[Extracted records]
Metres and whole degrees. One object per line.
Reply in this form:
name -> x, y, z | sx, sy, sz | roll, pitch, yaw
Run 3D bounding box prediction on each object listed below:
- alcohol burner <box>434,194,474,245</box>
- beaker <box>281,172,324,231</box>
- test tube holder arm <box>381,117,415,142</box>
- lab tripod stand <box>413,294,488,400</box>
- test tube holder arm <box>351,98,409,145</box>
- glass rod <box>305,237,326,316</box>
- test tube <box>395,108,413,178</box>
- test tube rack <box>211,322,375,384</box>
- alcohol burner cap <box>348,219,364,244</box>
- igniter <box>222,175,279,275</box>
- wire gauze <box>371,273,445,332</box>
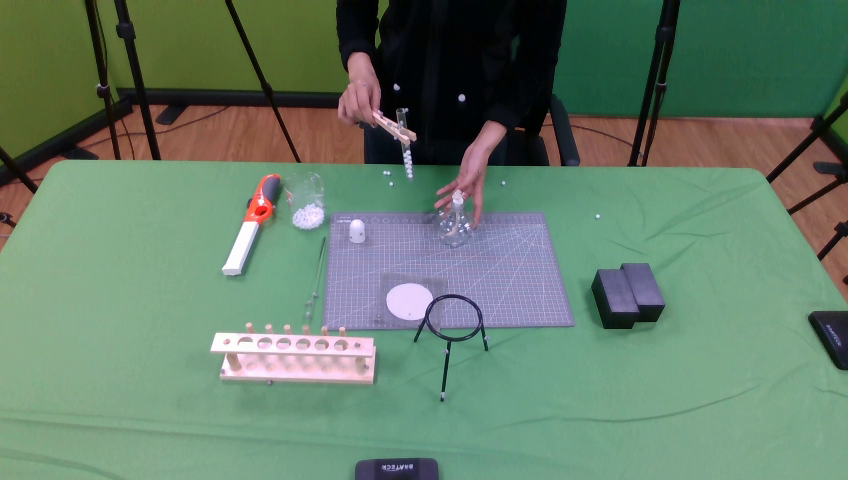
alcohol burner -> 0.061, -0.046, 1.183 | 0.078, 0.119, 0.077 | 3, 47, -3
beaker -> -0.234, -0.073, 1.199 | 0.084, 0.101, 0.074 | 24, 50, 17
test tube holder arm -> -0.050, -0.202, 1.104 | 0.087, 0.015, 0.010 | 33, 54, 30
lab tripod stand -> 0.044, 0.159, 0.972 | 0.148, 0.132, 0.147 | 2, 44, -2
test tube holder arm -> -0.084, -0.222, 1.126 | 0.013, 0.015, 0.177 | -30, 51, -27
glass rod -> -0.202, 0.063, 1.131 | 0.008, 0.008, 0.198 | 4, 44, 0
test tube -> -0.036, -0.173, 1.104 | 0.017, 0.151, 0.017 | -4, 44, 4
test tube rack -> -0.202, 0.176, 0.969 | 0.242, 0.085, 0.066 | 3, 46, -2
alcohol burner cap -> -0.134, -0.019, 1.190 | 0.034, 0.048, 0.033 | 2, 46, -2
igniter -> -0.341, -0.039, 1.206 | 0.057, 0.025, 0.275 | -1, 45, 8
wire gauze -> -0.028, 0.108, 1.100 | 0.125, 0.011, 0.121 | 8, 45, 4
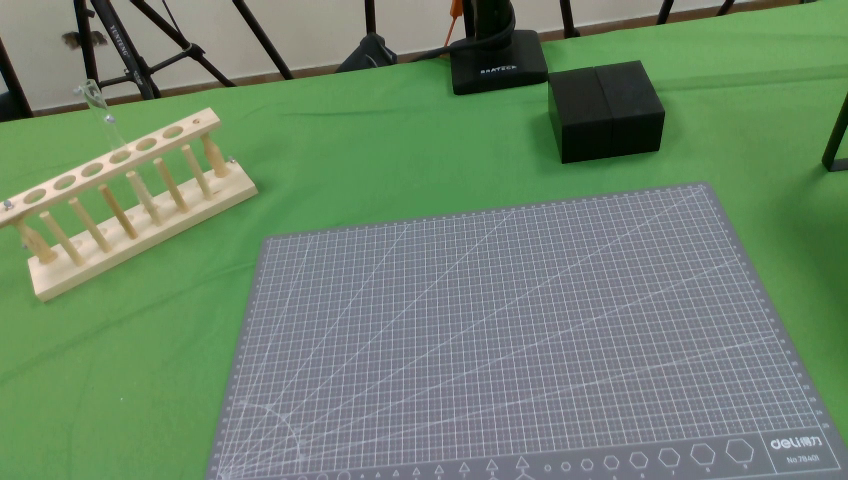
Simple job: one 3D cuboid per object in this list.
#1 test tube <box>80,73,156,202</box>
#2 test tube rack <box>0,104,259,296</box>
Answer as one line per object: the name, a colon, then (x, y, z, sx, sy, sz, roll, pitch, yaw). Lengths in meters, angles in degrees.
test tube: (-0.311, -0.099, 0.623, 0.017, 0.152, 0.017, -4, 42, 4)
test tube rack: (-0.311, -0.047, 0.642, 0.242, 0.086, 0.066, -30, 48, -17)
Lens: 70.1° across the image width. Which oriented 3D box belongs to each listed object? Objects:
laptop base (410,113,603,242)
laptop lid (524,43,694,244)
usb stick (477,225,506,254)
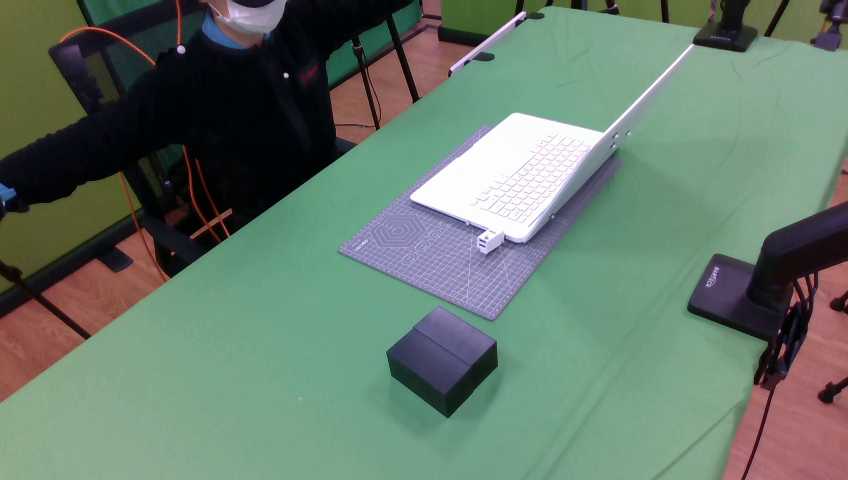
[{"bbox_3d":[0.171,-0.127,1.096,0.233,0.023,0.355,21,47,34],"label":"laptop base"},{"bbox_3d":[0.290,-0.151,0.941,0.013,0.241,0.358,40,54,12],"label":"laptop lid"},{"bbox_3d":[0.107,-0.004,0.933,0.021,0.027,0.059,25,38,35],"label":"usb stick"}]
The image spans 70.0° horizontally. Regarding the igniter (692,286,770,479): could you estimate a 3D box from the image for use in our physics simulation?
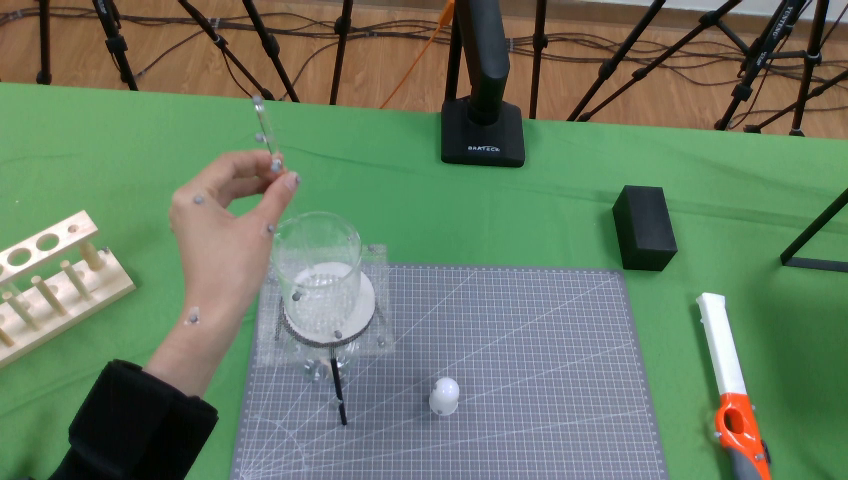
[{"bbox_3d":[0.344,0.176,0.679,0.057,0.025,0.274,11,56,-11],"label":"igniter"}]

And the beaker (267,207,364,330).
[{"bbox_3d":[-0.094,0.028,0.530,0.084,0.101,0.073,23,58,10],"label":"beaker"}]

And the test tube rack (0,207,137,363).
[{"bbox_3d":[-0.446,0.070,0.638,0.242,0.086,0.066,-35,66,-24],"label":"test tube rack"}]

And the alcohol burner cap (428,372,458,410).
[{"bbox_3d":[0.021,0.159,0.647,0.034,0.048,0.033,2,57,-3],"label":"alcohol burner cap"}]

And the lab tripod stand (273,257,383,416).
[{"bbox_3d":[-0.095,0.092,0.625,0.148,0.132,0.147,3,57,-5],"label":"lab tripod stand"}]

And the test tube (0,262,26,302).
[{"bbox_3d":[-0.440,0.021,0.612,0.017,0.151,0.017,3,52,-4],"label":"test tube"}]

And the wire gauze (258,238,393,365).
[{"bbox_3d":[-0.094,0.053,0.572,0.121,0.011,0.124,-3,61,-6],"label":"wire gauze"}]

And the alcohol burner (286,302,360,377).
[{"bbox_3d":[-0.106,0.097,0.632,0.078,0.120,0.077,4,55,-5],"label":"alcohol burner"}]

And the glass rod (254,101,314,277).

WHAT THE TASK ASKS: Set down verbatim only the lines between the start of the data above and the line with "- igniter <box>222,175,279,275</box>", both boundaries included.

RESULT FOR THIS TASK:
Metres and whole degrees. One object per line.
Reply in this form:
name -> x, y, z | sx, sy, sz | roll, pitch, yaw
Run 3D bounding box prediction on each object listed below:
- alcohol burner <box>434,194,474,245</box>
- beaker <box>281,172,324,231</box>
- test tube holder arm <box>381,117,415,142</box>
- lab tripod stand <box>413,294,488,400</box>
- test tube holder arm <box>351,98,409,145</box>
- glass rod <box>305,237,326,316</box>
- test tube <box>395,108,413,178</box>
- test tube rack <box>211,322,375,384</box>
- alcohol burner cap <box>348,219,364,244</box>
- igniter <box>222,175,279,275</box>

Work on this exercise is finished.